The second term in Equation (4), proportional to η*, represents an effective, linear friction. In the classical system friction is proportional to the velocity of the object, and always oppose the motion of the object. Thus, in the presence of friction, the oscillations of the mass decrease in amplitude as time increases and the object asymptotically comes to rest at the equilibrium length of the spring. Similarly, in the chemical system the “effective friction” is proportional to the rate of change of [Ca2+]. However, the “effective friction” can switch from regular dissipation (η* > 0) to “negative dissipation” (η* < 0). When the “effective friction” is positive (η* > 0), any oscillations decay over time and the system effectively goes to its steady state concentration at long times. On the other hand, if the “effective friction” is negative (η* < 0), any change in the [Ca2+] concentration is amplified by the friction, which would cause a divergence in the [Ca2+] concentration as time increases. The origin of the “negative friction” (as one can see from Equation 5) is the same feedback effect that gives rise to the “effective mass.” The increase is eventually saturated by higher order terms in the friction (third term in Equation 4, ~ Γ, see Appendix B of Cohen and Safran, 2019 for one possible derivation), which can be a combination of several microscopic effects (reduction of [Ca2+] current with increasing cytoplasmic [Ca2+], inactivation of RyR, variation of the adaptation rate etc.). Thus, given the right conditions (βJ̄>H), the activation of RyR by [Ca2+] is enough to destabilize the system.

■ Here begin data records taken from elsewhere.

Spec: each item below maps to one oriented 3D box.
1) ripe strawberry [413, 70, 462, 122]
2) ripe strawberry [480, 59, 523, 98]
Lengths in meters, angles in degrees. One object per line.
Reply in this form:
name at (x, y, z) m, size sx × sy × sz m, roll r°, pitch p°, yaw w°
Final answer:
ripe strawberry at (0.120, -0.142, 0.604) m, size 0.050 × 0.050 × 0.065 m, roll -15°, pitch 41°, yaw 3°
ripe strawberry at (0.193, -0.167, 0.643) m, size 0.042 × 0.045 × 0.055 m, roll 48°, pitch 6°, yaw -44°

Finally, in the classical system, the fourth term of Equation (4) would represent the restoring force applied by the spring which pulls the object toward the equilibrium distance. This restoring force in our calcium system is proportional to the activity of calcium pumps (K), with a correction due to the “adiabatic” response of RyR to [Ca2+] (α < 1). It is important to note that, unlike the classical system, the steady-state around which the chemical system oscillates is far from equilibrium (since there is still a large concentration difference between the SR and the cytoplasm). Moreover, the calcium pumps that work to restore cytoplasmic [Ca2+] concentrations work against this concentration gradient, and thus require constant input of energy (in the form of ATP). Therefore, in contrast to the classical “passive” oscillator, the chemical oscillator of Equation (4) is inherently active. In the absence of pump activity, thermodynamics predicts the system will equilibrate with the [Ca2+] concentration in the SR and the cytoplasm becoming equal.

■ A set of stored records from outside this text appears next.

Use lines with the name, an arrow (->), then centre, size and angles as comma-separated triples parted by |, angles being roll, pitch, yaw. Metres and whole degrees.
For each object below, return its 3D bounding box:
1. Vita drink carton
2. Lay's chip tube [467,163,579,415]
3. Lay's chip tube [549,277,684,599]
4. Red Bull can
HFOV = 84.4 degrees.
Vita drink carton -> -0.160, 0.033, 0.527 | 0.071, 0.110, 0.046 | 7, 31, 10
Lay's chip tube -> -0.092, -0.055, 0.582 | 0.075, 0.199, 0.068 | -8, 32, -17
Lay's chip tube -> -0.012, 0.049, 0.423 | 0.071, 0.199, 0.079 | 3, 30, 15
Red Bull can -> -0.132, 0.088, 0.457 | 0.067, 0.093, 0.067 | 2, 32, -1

While further experiments are required to evaluate the parameters of the model, we can estimate those based on previous models for cardiomyocyte oscillations. As discussed above, the adaptation time of an RyR channel was measured as ~100 ms, which translates to H ~ 10 Hz (Valdivia et al., 1995). The average current through an RyR channel used in previous models (Dupont et al., 1991; Tang and Othmer, 1994) is on the order of J̄~20 μM·s-1. The fact that isolated cells can switch between relaxation and spontaneous oscillations dynamics suggests that those are close to the critical transition of η* = 0. Thus, for oscillating cells sufficiently close to this transition (we take here as an example |η*| = 0.1), we estimate β ≈ 0.55 μM−1. We thus approximate the effective mass as m* ≈ 0.1 s−2, which along with a pumping rate K ~ 1 s−1 (Dupont et al., 1991; Tang and Othmer, 1994), and α ≈ 0.2 (estimated from Valdivia et al., 1995) yields an oscillation frequency Ωc ~ 2.5 Hz, similar to the frequencies observed in experiments (Tang et al., 2011; Nitsan et al., 2016). Note that even further away from the transition to spontaneous oscillations (βJ̄/H1), the frequency of oscillations is even lower.

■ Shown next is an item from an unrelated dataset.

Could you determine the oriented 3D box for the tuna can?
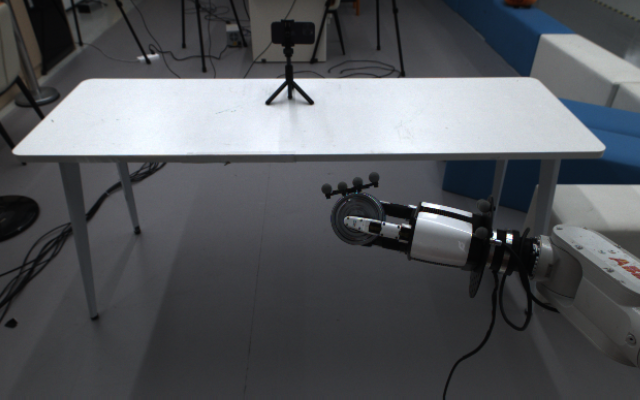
[{"bbox_3d":[0.065,0.036,0.773,0.085,0.085,0.034,12,3,14],"label":"tuna can"}]

The amplitude of oscillations in our model scales as ~η*/Γ (Cohen and Safran, 2019), which represents the combined effects of both the linear and non-linear friction terms. For the observed amplitudes of ~5 μM around the steady-state (Dupont et al., 1991; Tang and Othmer, 1994), (and for the case of |η*| ~ 0.1, close to the transition), one can estimate the non-linear saturation parameter as Γ ~ 0.25 μM−2. Note that the microscopic origin of the non-linearity can arise from several different effects (such as saturation of current, direct inactivation of the adaptation, calcium dependence of the adaptation time etc.), and more experiments are required to distinguish between these mechanisms.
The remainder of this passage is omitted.